Blick auf Silwan in Ostjerusalem: Wahlen der Palästinenser fanden in der Vergangenheit auch in der israelischen Hauptstadt statt Foto: Sandro Serafin
Blick auf Silwan in Ostjerusalem: Wahlen der Palästinenser fanden in der Vergangenheit auch in der israelischen Hauptstadt statt

Das zweite Zusatzprotokoll zum Osloer Vertrag von 1995 ermöglicht Wahlen in Ostjerusalem grundsätzlich. 1996, 2005 und 2006 konnte jeweils eine stark begrenzte Anzahl von Arabern ihre Stimmen in israelischen Poststellen abgeben. Viele andere mussten außerhalb der Stadtgrenzen wählen. Bei den Wahlen 2006 hatte sich Israel insbesondere auch wegen der Teilnahme der terroristischen Hamas mit einer Abstimmung in Ostjerusalem schwergetan.

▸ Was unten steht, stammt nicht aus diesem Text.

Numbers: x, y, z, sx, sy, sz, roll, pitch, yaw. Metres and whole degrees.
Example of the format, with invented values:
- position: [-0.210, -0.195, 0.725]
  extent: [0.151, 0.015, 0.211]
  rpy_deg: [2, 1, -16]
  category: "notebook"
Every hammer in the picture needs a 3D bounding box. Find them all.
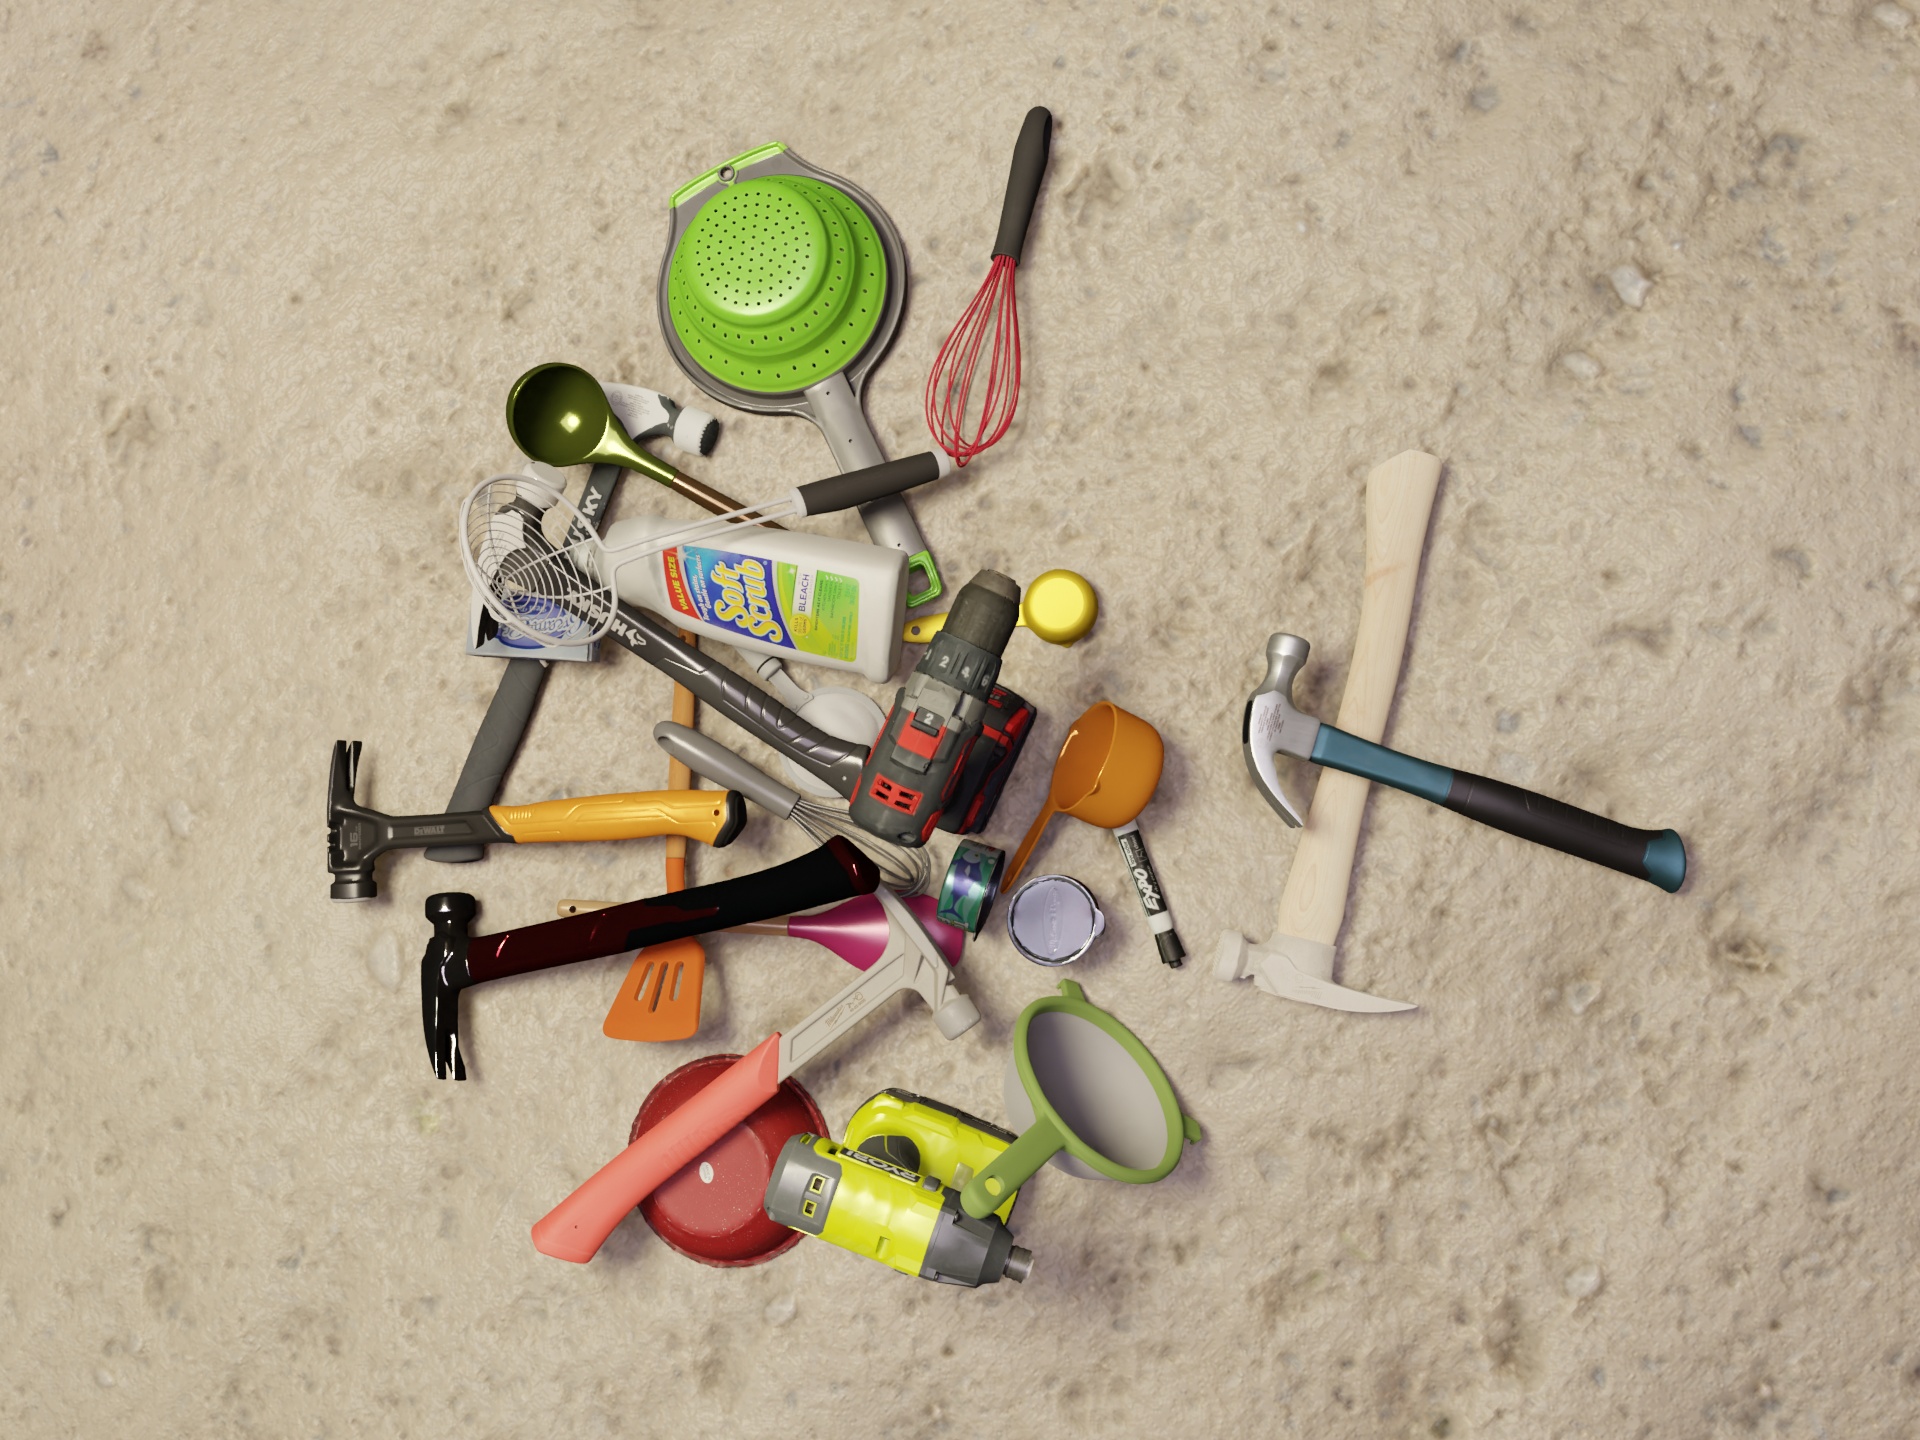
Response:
- position: [-0.234, 0.164, 1.160]
  extent: [0.386, 0.038, 0.143]
  rpy_deg: [-14, 71, 21]
  category: "hammer"
- position: [-0.167, 0.261, 1.150]
  extent: [0.359, 0.036, 0.149]
  rpy_deg: [-38, 81, 2]
  category: "hammer"
- position: [-0.333, -0.076, 1.256]
  extent: [0.149, 0.036, 0.409]
  rpy_deg: [22, 89, 10]
  category: "hammer"
- position: [0.302, 0.006, 1.165]
  extent: [0.146, 0.038, 0.411]
  rpy_deg: [13, 87, 7]
  category: "hammer"
- position: [-0.207, -0.039, 1.169]
  extent: [0.335, 0.035, 0.146]
  rpy_deg: [34, 114, -2]
  category: "hammer"
- position: [0.357, 0.050, 1.127]
  extent: [0.331, 0.033, 0.128]
  rpy_deg: [19, 84, -2]
  category: "hammer"
- position: [-0.325, 0.069, 1.205]
  extent: [0.337, 0.034, 0.127]
  rpy_deg: [-3, 85, 12]
  category: "hammer"

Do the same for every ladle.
- position: [-0.194, -0.170, 1.205]
  extent: [0.320, 0.062, 0.078]
  rpy_deg: [29, 93, -5]
  category: "ladle"

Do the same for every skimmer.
- position: [-0.164, -0.146, 1.108]
  extent: [0.363, 0.090, 0.127]
  rpy_deg: [-19, 81, -20]
  category: "skimmer"

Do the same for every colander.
- position: [-0.114, -0.272, 1.212]
  extent: [0.204, 0.094, 0.397]
  rpy_deg: [-26, 82, 5]
  category: "colander"

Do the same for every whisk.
- position: [-0.127, 0.064, 1.196]
  extent: [0.239, 0.055, 0.055]
  rpy_deg: [30, 90, 1]
  category: "whisk"
- position: [0.030, -0.334, 1.218]
  extent: [0.073, 0.073, 0.296]
  rpy_deg: [12, 82, 8]
  category: "whisk"

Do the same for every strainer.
- position: [0.056, 0.286, 1.088]
  extent: [0.151, 0.256, 0.069]
  rpy_deg: [48, 120, 12]
  category: "strainer"
- position: [-0.143, -0.033, 1.226]
  extent: [0.087, 0.050, 0.258]
  rpy_deg: [-42, 78, -6]
  category: "strainer"

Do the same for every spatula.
- position: [-0.220, 0.080, 1.211]
  extent: [0.081, 0.041, 0.323]
  rpy_deg: [-3, 78, 21]
  category: "spatula"

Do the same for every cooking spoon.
- position: [-0.156, 0.156, 1.221]
  extent: [0.319, 0.017, 0.069]
  rpy_deg: [3, 85, 8]
  category: "cooking spoon"

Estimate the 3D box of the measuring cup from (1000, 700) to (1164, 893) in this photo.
- position: [0.090, 0.069, 1.177]
  extent: [0.052, 0.095, 0.173]
  rpy_deg: [23, 114, -17]
  category: "measuring cup"

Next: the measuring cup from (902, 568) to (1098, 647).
- position: [0.027, -0.079, 1.210]
  extent: [0.156, 0.029, 0.062]
  rpy_deg: [-9, 84, 5]
  category: "measuring cup"

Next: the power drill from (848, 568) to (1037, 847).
- position: [-0.002, -0.004, 1.108]
  extent: [0.080, 0.226, 0.188]
  rpy_deg: [24, 89, 8]
  category: "power drill"

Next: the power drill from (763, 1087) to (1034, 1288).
- position: [-0.025, 0.322, 1.087]
  extent: [0.171, 0.223, 0.080]
  rpy_deg: [19, 88, 9]
  category: "power drill"

Im Januar schlugen Experten des Tel Aviver „Instituts für Nationale Sicherheitsstudien“ der israelischen Regierung vor, die Frage der Wahl in Ostjerusalem davon abhängig zu machen, dass sich die Hamas und alle anderen Parteien im Vorfeld zu den Osloer Vereinbarungen bekennen. Dies käme einer Absage an Terrorismus und Gewalt gleich. In einer Meldung der palästinensischen Nachrichtenagentur WAFA hieß es am Donnerstag ganz allgemein, die Wahlen sollten überall dort abgehalten werden, wo dies „möglich“ ist. Für die anderen Gebiete müsse man einen „Mechanismus der Repräsentation“ finden.